Last month, rent and taxes and a few other bills converged to make things more expensive than even flying home at Christmas + presents had made December. As a result of that pricey month I’d gone on an invoicing spree, sending out long-overdue emails and finally, truly, making a template for billing I was proud of (it bears a more-than-passing resemblance to the “general invoice” template on Pages, but an improvement is an improvement and I’m claiming this as a victory). I did the math: I was going to be ROLLING IN IT, come February. Well done, me.

Conveniently gone from my mind was the period last summer where I had to borrow money from my Dad to make rent, despite having invoiced six weeks before for my largest single-story amount to date. I had also apparently forgotten a reality of the freelance lifestyle: in addition to the invoice template, I have four different “please pay me now” stock emails, increasing in urgency and intensity, as needed. It’s hard to get paid writing for the Internet, and even harder to get paid on time.

When I first went full-time freelance I had no idea how anything worked. I was excited to be getting paid to do what I loved and to be in my underwear by choice the whole time I did it. I was busy and pretty poor but I’d saved some money from my pub job and as the freelance cheques trickled in I was able to live pretty comfortably in my shoebox room in a tiny shared apartment on an ex-council estate in one of the most expensive cities in the world.

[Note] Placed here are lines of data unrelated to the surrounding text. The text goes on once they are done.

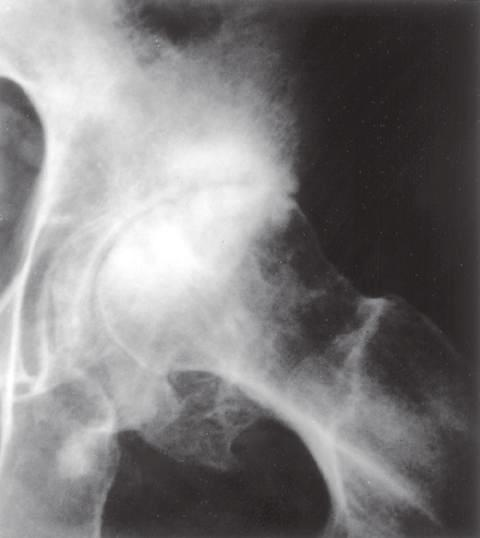s infective endocarditis narrowed?
Answer the question using a single word or phrase. No 
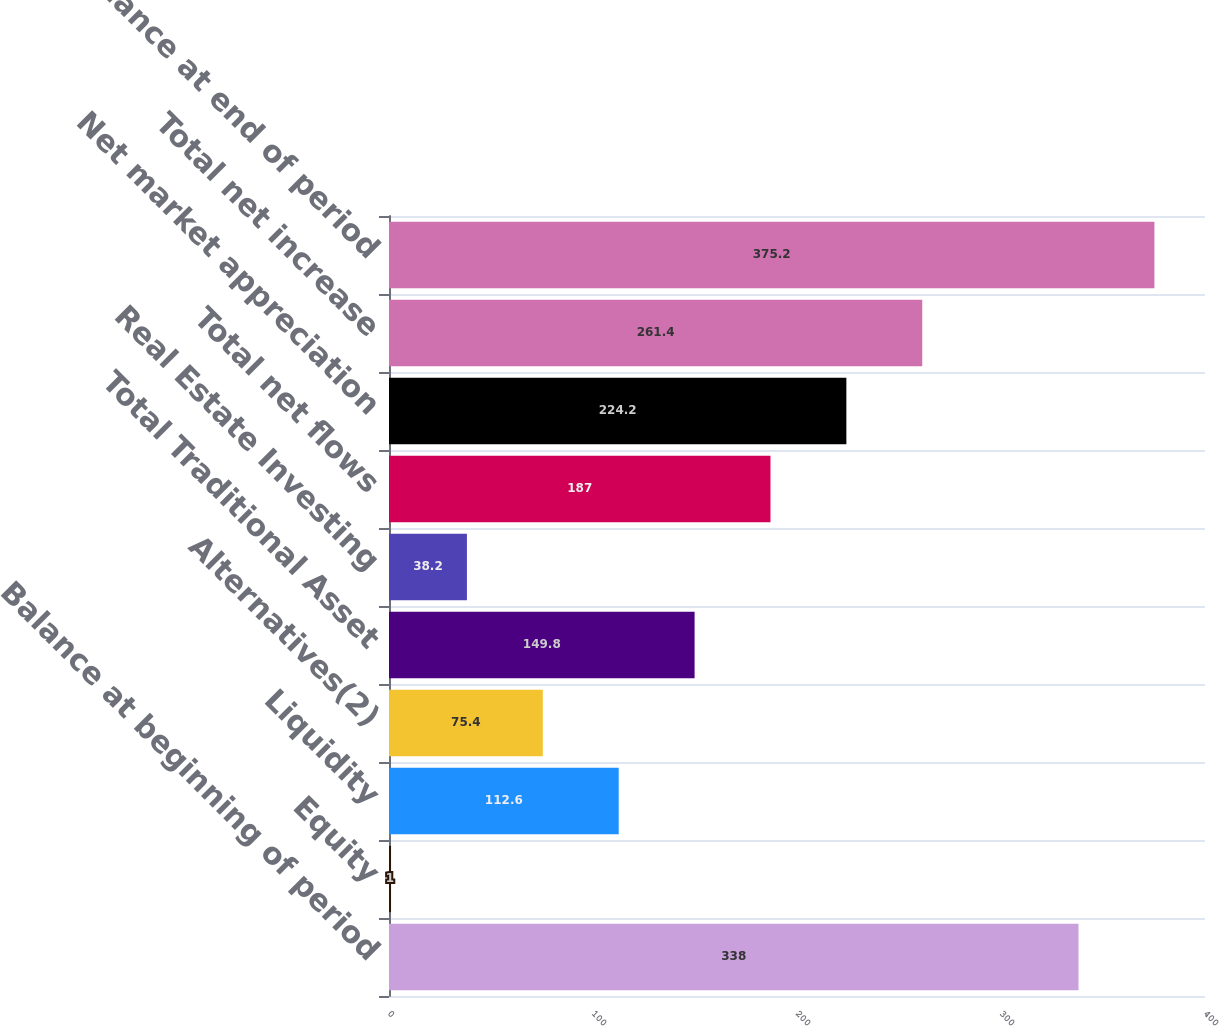Convert chart. <chart><loc_0><loc_0><loc_500><loc_500><bar_chart><fcel>Balance at beginning of period<fcel>Equity<fcel>Liquidity<fcel>Alternatives(2)<fcel>Total Traditional Asset<fcel>Real Estate Investing<fcel>Total net flows<fcel>Net market appreciation<fcel>Total net increase<fcel>Balance at end of period<nl><fcel>338<fcel>1<fcel>112.6<fcel>75.4<fcel>149.8<fcel>38.2<fcel>187<fcel>224.2<fcel>261.4<fcel>375.2<nl></chart> 
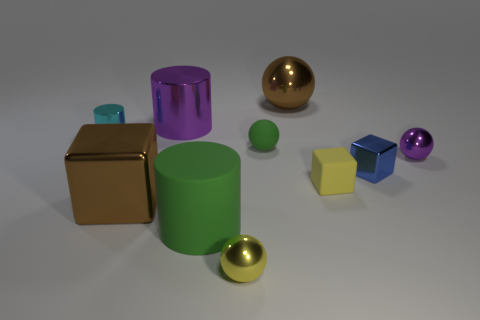How many objects are there in total? Including all visible items, there are a total of nine objects in the image.

Things were good.

And then, all of a sudden, my main source of income—writing five 300 word articles per week on any topic for a student-y UK version of Groupon—realized they could get five short articles per week from interns, for free. Bye bye, rent money. I looked at my bank account and had enough to get me to the end of the month, but then what? I spent the next few days not writing or pitching, but eating plain pasta and looking at discount flights back to Canada, convinced I would be homeless by the time rent was due. The stress of not having any money distracted me from working to get any new money and I found myself wigging out, buying food from restaurants that I couldn’t afford because I was stressed and sad and there was only a can of beans at home. My “cheap groceries” plan failed when I made a giant pot of bland lentil soup, convinced that I would live on that until I had part-time employment somewhere, and ate two servings out of six. It was stodgy and over-salted and tasted of desperation. When I could have been writing stuff to send to publications on spec, I was curled up in bed in unwashed clothes, trawling Craigslist for job ads and wondering if it would really be that bad to let a guy smell my feet for £50. I sent weird, sad emails to my parents, asking-but-not-asking for help via descriptions of the week’s injustices—being unable to go out with friends, having to walk everywhere, EVEN IN THE RAIN, and consuming more beans than I really knew how to deal with. I felt listless and worthless and like I’d failed before I’d started.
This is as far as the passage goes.